Hinter der nächsten Ecke schließlich habe ich die drei erreicht.

„Hey!", rufe ich.

Galadrielle wirbelt herum, der Schreck steht ihr ins Gesicht geschrieben. Auch die zwei Männer, die sie links und rechts flankieren, drehen sich langsam zu mir um. Der Ausdruck in ihren Gesichtern ist arglos und freundlich, als sie mich neugierig mustern, trotzdem schießt ein Gedanke durch meinen Kopf: Wie sie so links und rechts neben ihr laufen, wirkt es, als würden sie sie abführen. Wie eine Gefangene.

„Was soll das?", keuche ich und hole schließlich zu den dreien auf.
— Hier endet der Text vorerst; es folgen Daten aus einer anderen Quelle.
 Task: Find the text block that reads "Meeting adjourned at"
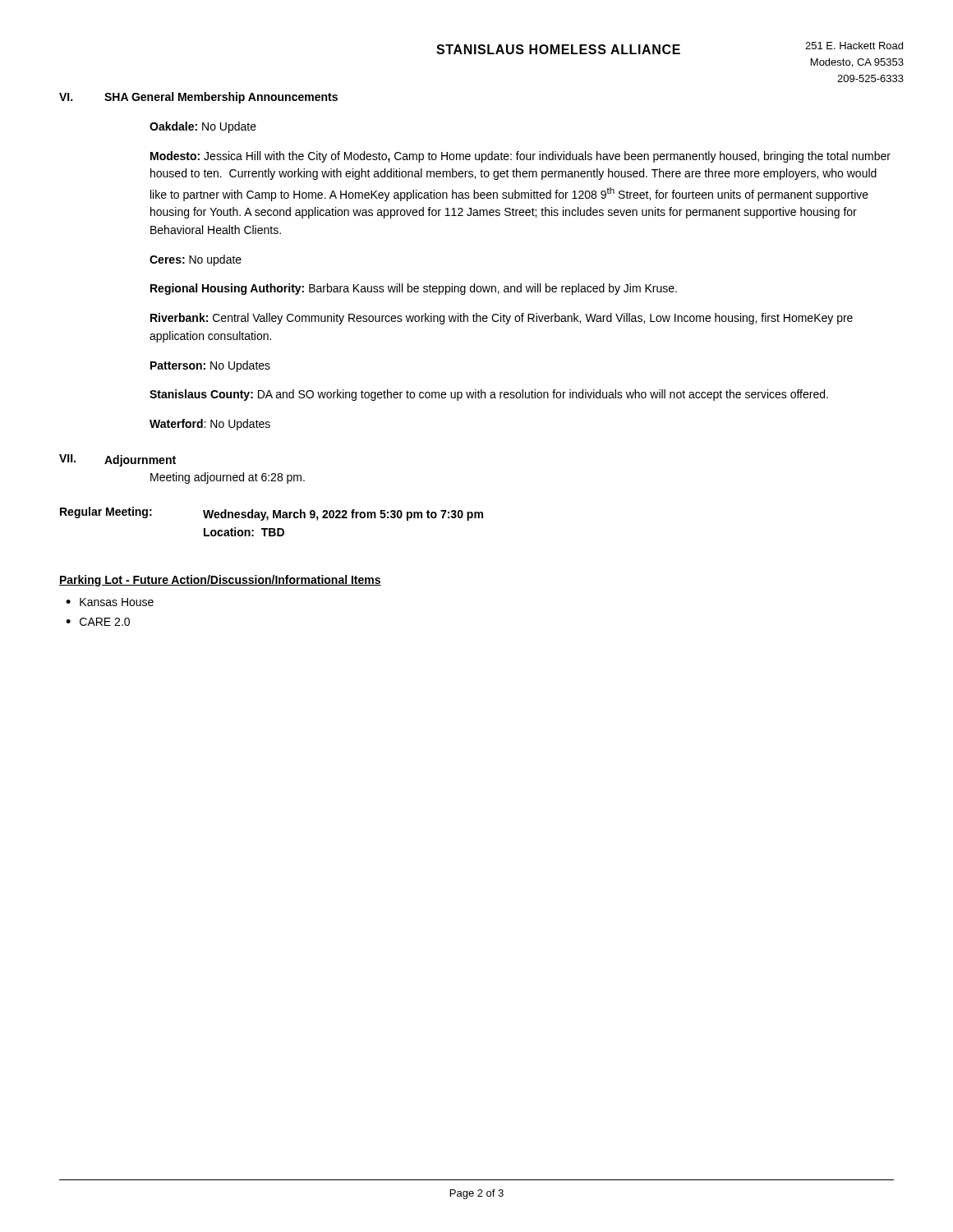coord(228,477)
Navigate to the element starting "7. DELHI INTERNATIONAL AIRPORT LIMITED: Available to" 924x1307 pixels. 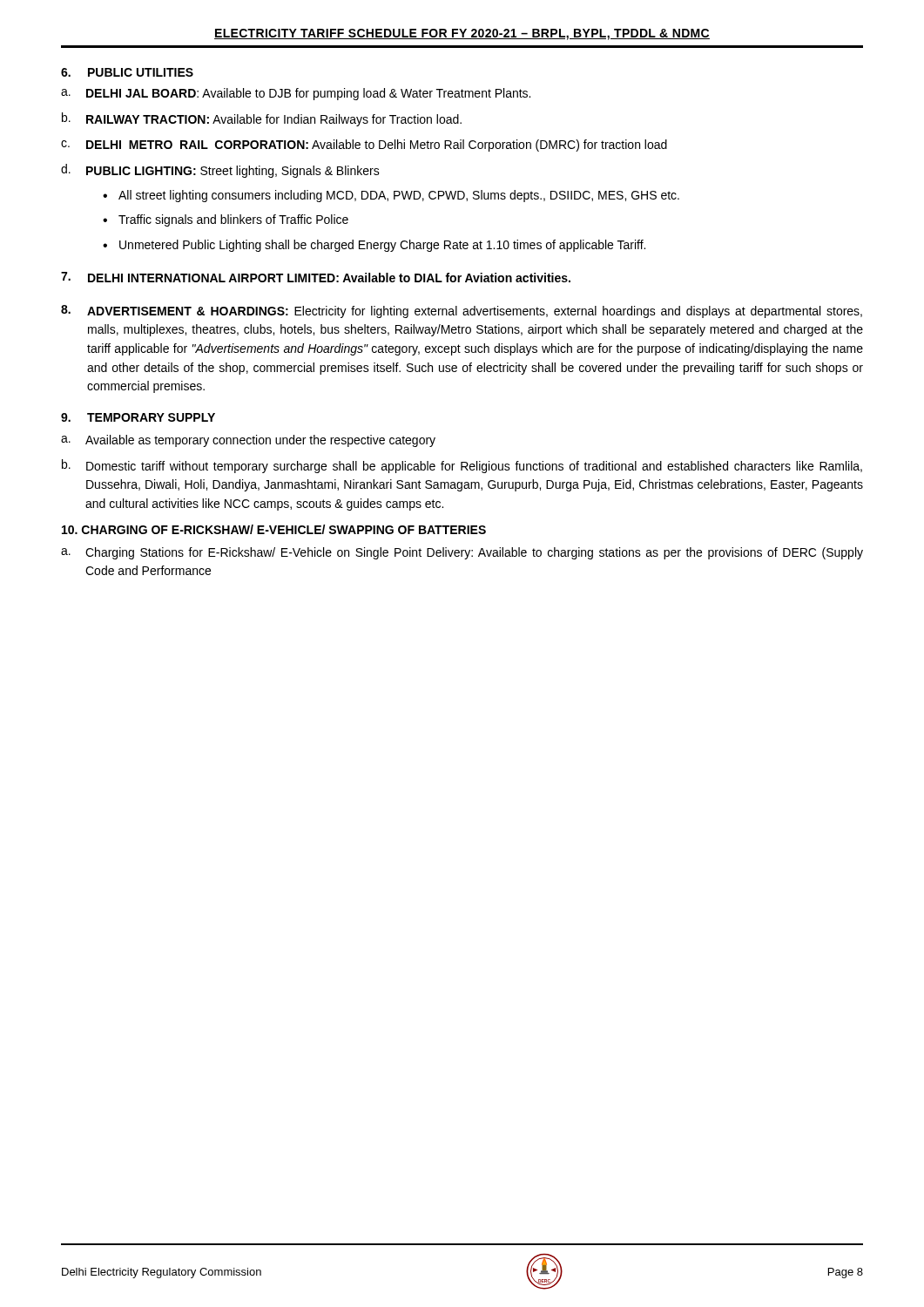462,279
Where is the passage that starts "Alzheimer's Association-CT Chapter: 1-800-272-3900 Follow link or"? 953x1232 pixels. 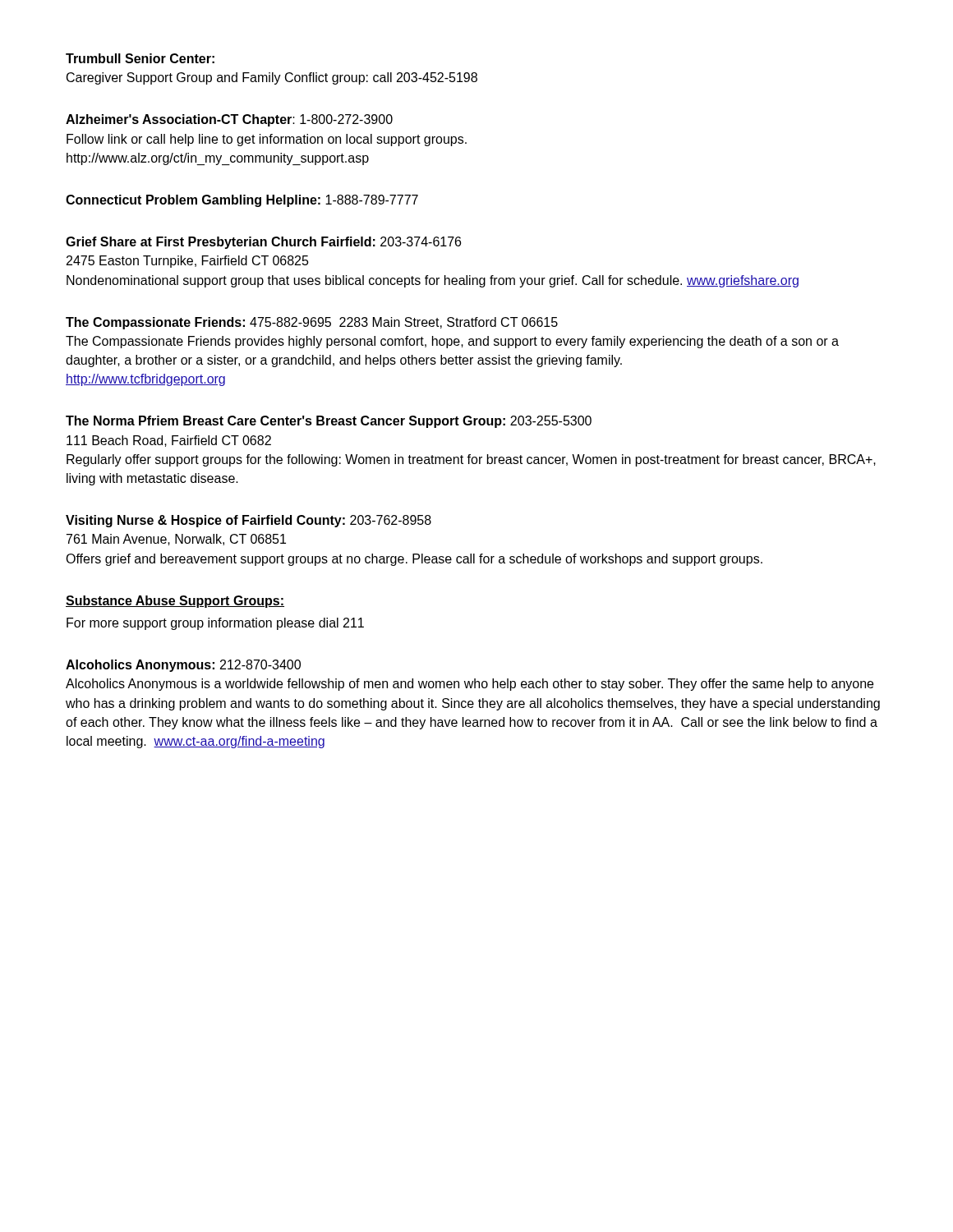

Mein Atem geht pfeifend und innerlich fluche ich, weil ich zu schnell gelaufen bin und mein Spray noch in der Küche liegt. „Was, bei allen Tiefen, passiert hier?"

Einer der Männer, er ist fast zwei Köpfe größer als meine Schwester und hat flammend rotes Haar, mustert mich interessiert, wobei er seinen Blick einmal von meinen Füßen bis zu meinem Gesicht wandern lässt. In diesem Moment wird mir klar, dass ich noch immer meinen Schlafanzug trage, hellblau mit kleinen aufgedruckten Pilzen, doch es könnte mir nicht gleichgültiger sein. Ich trete einen weiteren Schritt vor, sodass ich nun direkt vor der seltsamen Gruppe stehe, und funkle die beiden Männer böse an. „Meine Schwester bleibt hier!"

„Nein, bleibe ich nicht", faucht Galadrielle. Und auch die beiden Männer scheinen nun ihre Sprache wiedergefunden zu haben.

„Ihre Schwester wurde für die Teilnahme am diesjährigen Mitternachtsball ausgewählt", sagt der linke der beiden Männer. Er ist kleiner als der andere, hat aber markante Kiefer und einen beeindruckend breiten, muskulösen Körperbau. Seine Stimme ist überraschend sanft und unaufgeregt.

Am Rande registriere ich, dass sich eine kleine Menschentraube um uns gebildet hat. Ehrfürchtiges Murmeln erfüllt die Luft. „Herzlichen Glückwunsch!", ruft jemand. Ich verkneife mir ein Augenrollen.

„Das ist mit Sicherheit ein Missverständnis", sage ich und zwinge mich, ruhig zu bleiben. Dennoch ballen meine Hände sich unwillkürlich zu Fäusten. „Meine Schwester hat ihr Los nicht in den Topf geworfen."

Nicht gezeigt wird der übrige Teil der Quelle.